Patients with impaired renal function receiving etoposide have exhibited reduced total body clearance, increased AUC and higher steady state volume of distribution (see section 4.2).

Hepatic impairment

In adult cancer patients with liver dysfunction, total body clearance of etoposide is not reduced.

Elderly population

Although minor differences in pharmacokinetic parameters between patients ≤65 years and >65 years of age have been observed, these are not considered clinically significant.

Paediatric population

In children, approximately 55% of the dose is excreted in the urine as etoposide in 24 hours. The mean renal clearance of etoposide is 7 to 10 mL/min/m² or about 35% of the total body clearance over a dose range of 80 to 600 mg/m². Etoposide, therefore, is cleared by both renal and nonrenal processes, ie, metabolism and biliary excretion. The effect of renal disease on plasma etoposide clearance is not known in children. In children, elevated SGPT levels are associated with reduced drug total body clearance. Prior use of cisplatin may also result in a decrease of etoposide total body clearance in children.
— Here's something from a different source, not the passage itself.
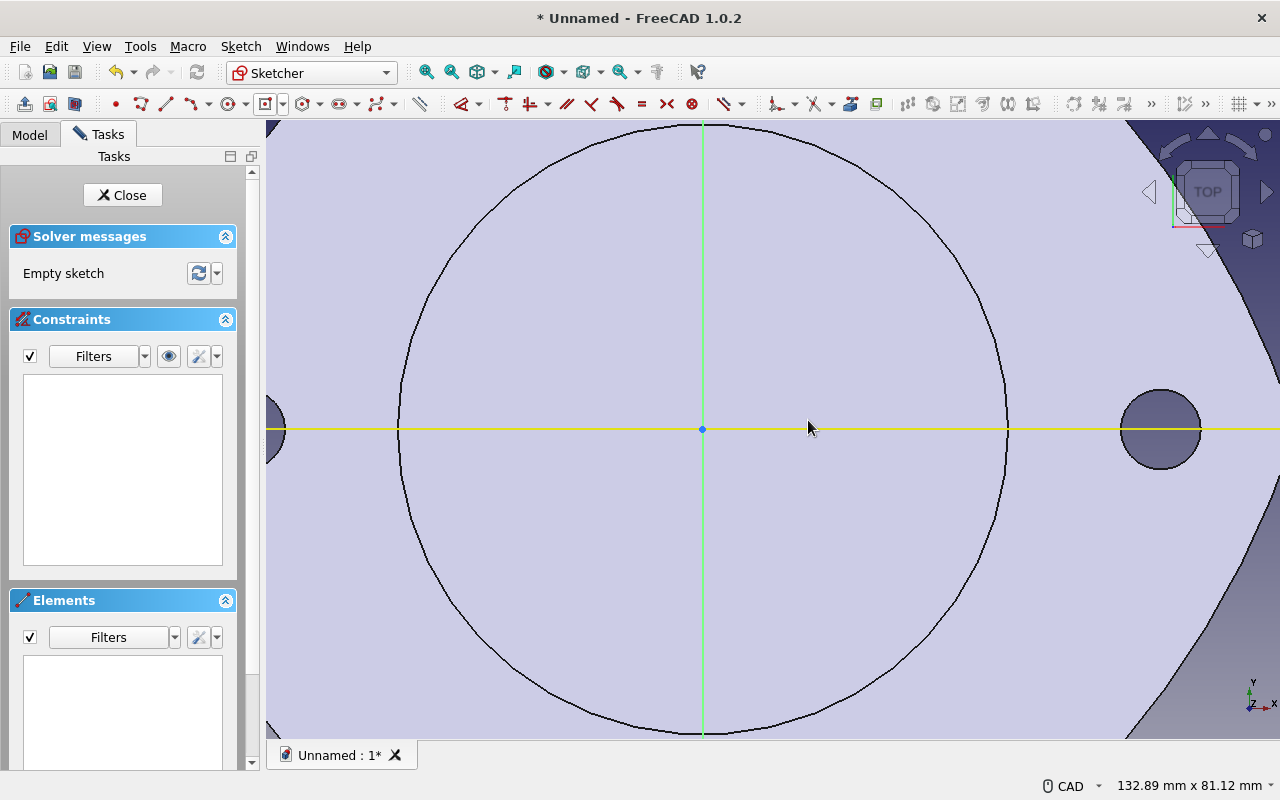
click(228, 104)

An inverse relationship between plasma albumin levels and etoposide renal clearance is found in children.

Gender

Although minor differences in pharmacokinetic parameters between genders have been observed, these are not considered clinically significant.

Drug interactions

In a study of the effects of other therapeutic agents on in vitro binding of ¹⁴C etoposide to human serum proteins, only phenylbutazone, sodium salicylate, and aspirin displaced protein-bound etoposide at concentrations generally achieved in vivo (see section 4.5).
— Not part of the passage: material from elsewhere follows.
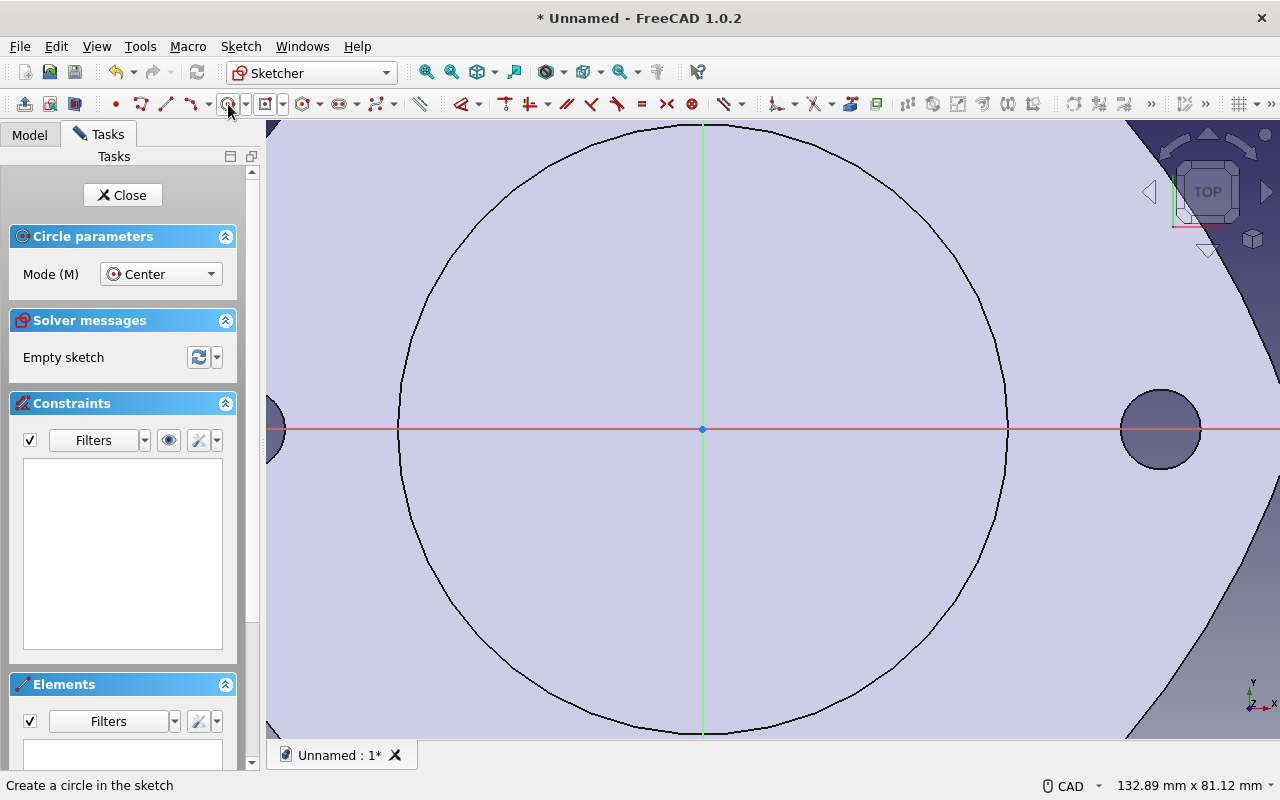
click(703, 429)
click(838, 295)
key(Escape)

5.3 Preclinical safety data

Chronic toxicity

Anaemia, leucopenia, and thrombocytopenia were observed in rats and mice, while dogs had mild reversible deterioration of liver and kidney functions. The dose multiple (based on mg/m² doses) for these findings at the no-observed adverse-effect-level in the preclinical studies were ≥ approximately 0.05 times compared to the highest clinical dose. Historically, preclinical species have been more sensitive compared to humans towards cytotoxic agents. Testicular atrophy, spermatogenesis arrest, and growth retardation were reported in rats and mice.

Mutagenicity

Etoposide is mutagenic in mammalian cells.

Reproductive toxicity

In animal studies etoposide was associated with dose-related embryotoxicity and teratogenicity.

Carcinogenic potential

Given its mechanism of action, etoposide phosphate should be considered a possible carcinogen in humans.
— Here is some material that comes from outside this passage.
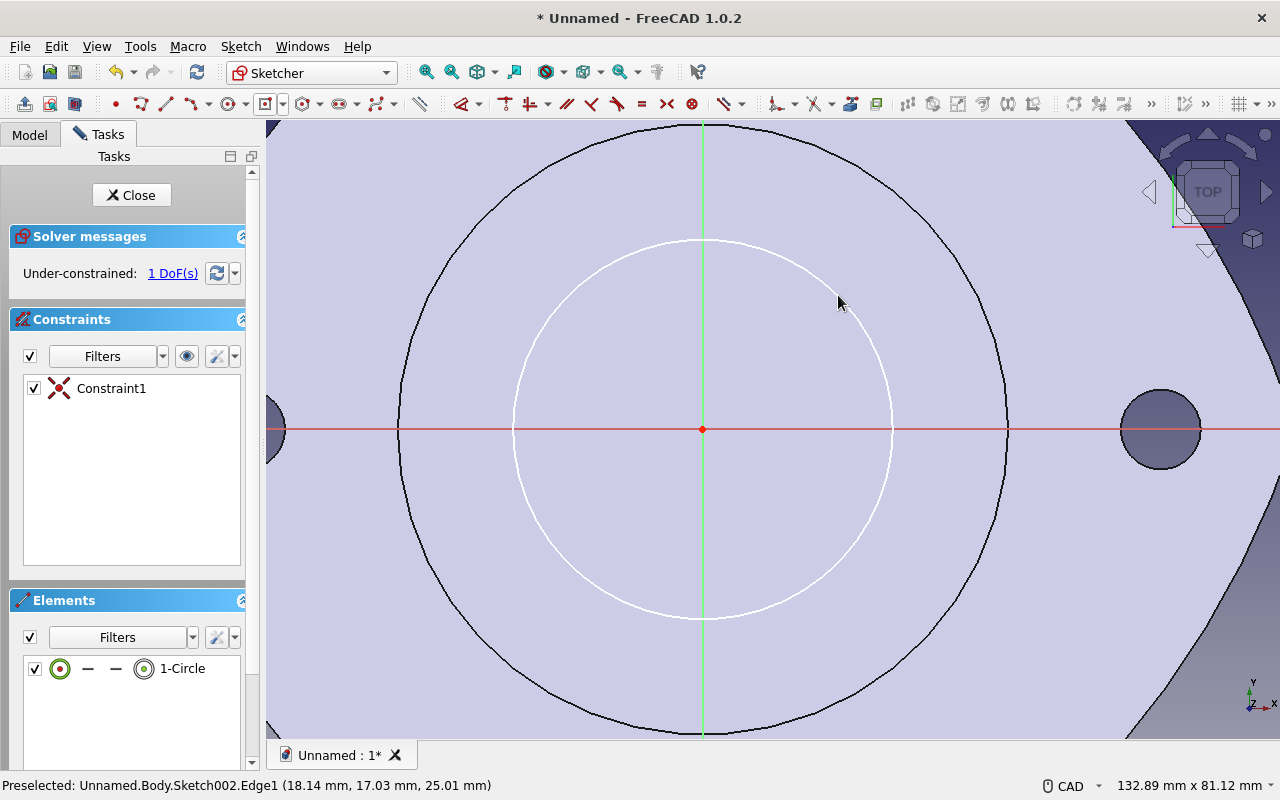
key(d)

6. Pharmaceutical particulars

6.1 List of excipients

Dextran 40, Sodium citrate.

6.2 Incompatibilities

ETOPOSIDE should not be physically mixed with any other drug.

6.3 Shelf life

3 Years.

Storage conditions after reconstitution of the medicinal product

After reconstitution: chemical and physical in-use stability has been demonstrated for 24 hours at 15 to 30°C and for 7 days at 2 to 8°C. From a microbiological point of view, the reconstituted solution should immediately be used undiluted or should be diluted. If not used immediately, in-use storage times and conditions prior to use are the responsibility of the user and would normally not be longer than 7 days at 2 to 8°C, unless dilution has taken place in controlled and validated aseptic conditions.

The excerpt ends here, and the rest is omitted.